The extent of our knowledge

One of the reasons I think modern macro is successful is that it cleanly separates what we know from what we don’t know. Making assumptions about how people make decisions and assumptions about how those decisions interact, modern macro models give expected behavior. In our models we capture all that we don’t know in what are called “exogenous shocks”. They’re “exogenous” because they’re outside the model and they’re “shocks” because they’re exact value is unpredictable even if the economic agents inhabiting the model’s world knows their distribution.

Given the behavior of exogenous shocks and the predicted behavior of the model’s agents to those shocks, we can take the output of the model and compare it to real data. If a model replicates real data then its assumed this is due to the assumptions about shocks and behavior. Because the shocks represent things we don’t know, we’d like to have the most simply shocks possible and therefore have the structure of the model explain as much of the data as possible.

Similarly, we can compare models by seeing which explains the most patterns in the data (or at least the patterns we care about) using the same exogenous shocks. If one model explains more data, we say that one tells us more about whatever is being studied. The shocks, however, continue to reflect our ignorance.

I like this paper by Eggertsson (h/t EotAW) because it shows how important the assumptions on exogenous shocks can be. Cole and Ohanian have several papers (findings summarized here) that show New Deal policies (by which they and Eggertsson mean industrial and union policies increasing monopoly power) were contractionary. This is actually the standard view that follows from microeconomic theory.

Eggertsson shows that after you include some standard modern macro model features (e.g. sticky prices, monopolistic competition) and you change the assumption on the exogenous shocks, these New Deal policies are, to my surprise, expansionary. The reason is at the zero lower bound for interest rates, without these policies, expectation for inflation doesn’t materialize and the economy falls into a deflationary spiral. When the government gives unions and big companies monopoly power, on the other hand, people expect those unions and big companies to use that power to raise prices. In this way, New Deal policies take over traditional monetary policies roles in setting inflation expectations.

But I really, really like the paper because it makes explicit that the reason its results are different from standard results from Cole and Ohanian is because of the assumptions about the shocks. In both sets of research, the shock is to preference for precautionary savings (“animal spirits”). Cole and Ohanian assume the 1929 crash and the bungles of Hoover were the exogenous shock and when Roosevelt took office that shock began to dissipate. Eggertsson, though, assumes the shock persisted through the great depression. Which is the right assumption, nobody knows.

The paper has very nicely separated what we know from what we don’t know. This makes task for future research very clear… what were the nature of those shocks to animal spirits?

To me, this strand of modern macro literature is encouraging. Everyone’s assumptions are laid out on the table, theories are making heavy contact with data and progress can easily be identified. Its almost like this is science.

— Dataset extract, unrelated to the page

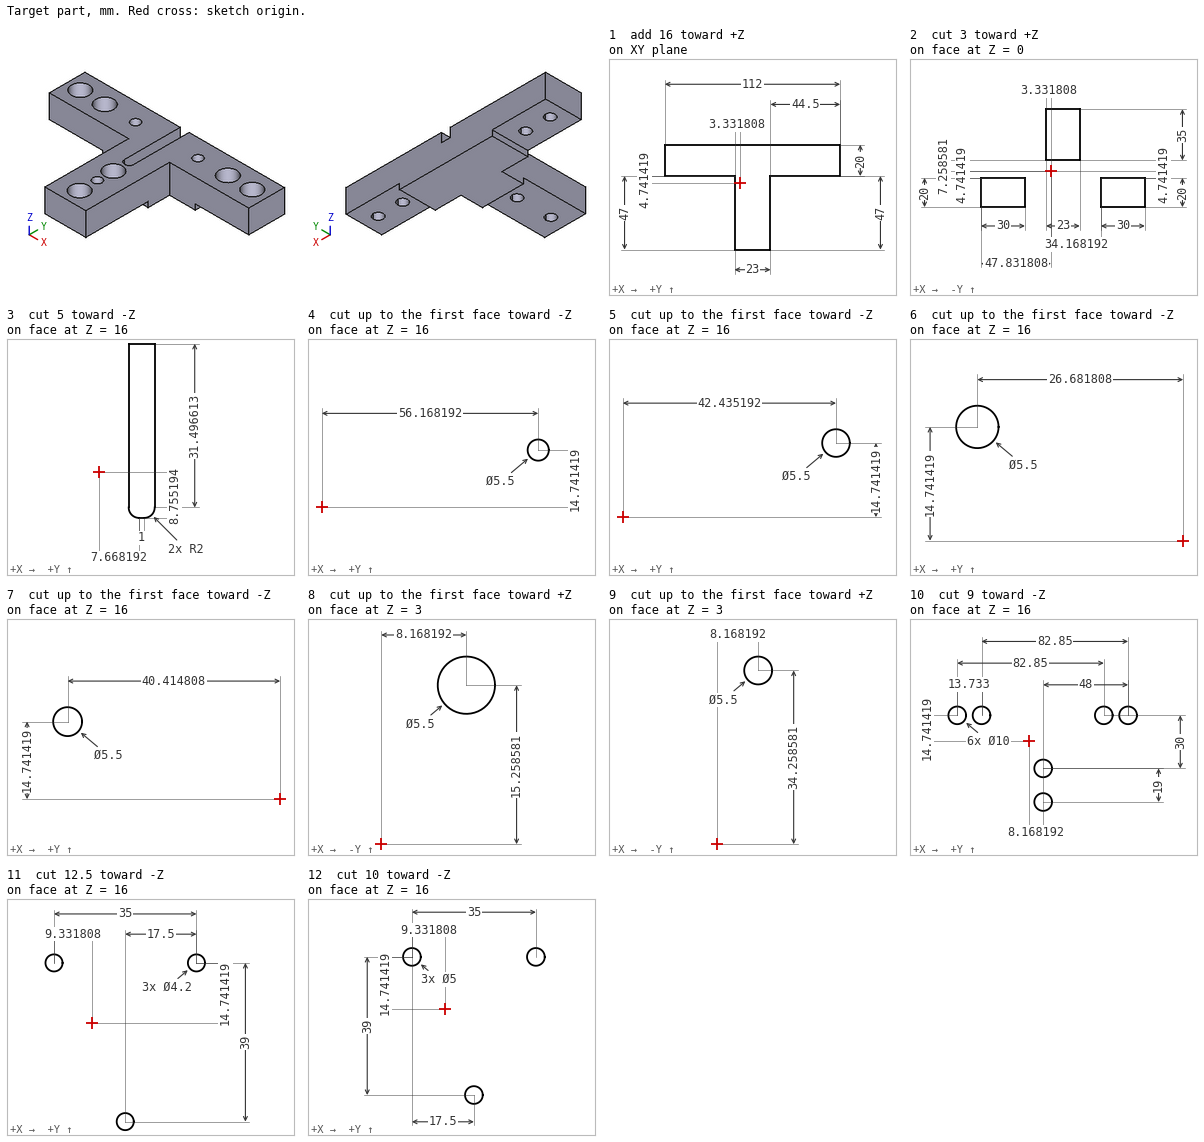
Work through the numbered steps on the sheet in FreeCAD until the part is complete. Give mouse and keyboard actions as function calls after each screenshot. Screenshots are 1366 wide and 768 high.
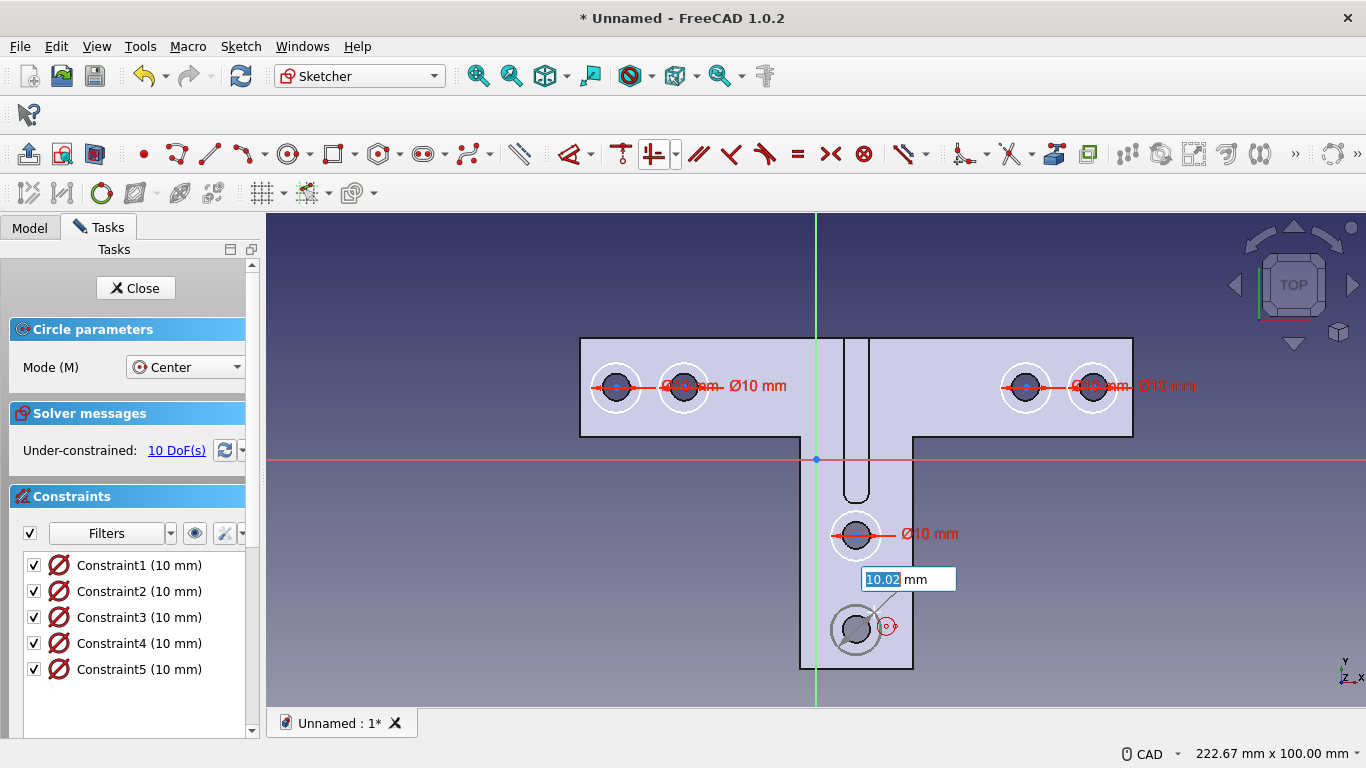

6 thoughts on “The extent of our knowledge”

  1. I’ve really enjoyed reading your macro posts, so I’m going to ask you to go out on a limb. If President Obama called you up and said, “Will, what should I do?” what would you tell him?

    I’ve got my own answer to this question and want to check it against yours.

  2. I’d have him give speeches about positive prospects for growth (“your company will turn the corner! your wages will go up!”); I’d have him talk about how this recession is a short term bump in the road. No more talk about how shitty things are (without, of course, denying the statistics… I assume Obama’s a better rhetorician than I am). Pessimism feeds on itself so to the extent the president controls expectations, he should try to improve them. Even though I don’t think the President has that much control over expectations, I think Obama’s rhetoric of transformation is more useful than his rhetoric of crisis.

    I’d advise him that any actions he takes should reinforce his positive message. That this is the force of those actions. So if the stimulus has to happen for whatever political reasons, then it should be to improve long term prospects for growth. People have to feel like their wages will get higher.

    Secretly, I’d wish we didn’t live in a world that had political institutions that acted as if “something needs to be done; this is something” was good policy.

    That’s to address the crisis, which I assume is what you were talking about. As for “real” reform, I’m not an expert on regulation or finance. Clearly, though, something will need to be done there.

    Also, I’d want to think about ways to anticipate asset bubbles and to have institutions in place to deal with them before they become a problem. As we’ve seen, significantly sized bubbles can really distort allocations. Maybe this is a new role for the Fed because of its independence. No political institution would be able to stare down voters when it tried to deflate asset prices. “Sir, please vote for me. Yes, I reduced the price of your home, but it was for the greater good!” Maybe the Fed could get away with this though.

  3. Isn’t that exactly the tone he took with his inaugural speech? Something like “We’ve faced adversity before, we will defeat it again,” etc.

    I agree though – any government agency put in the path of an asset bubble will be fired from a cannon at the nearest bus the moment it looks like it’s impeding growth.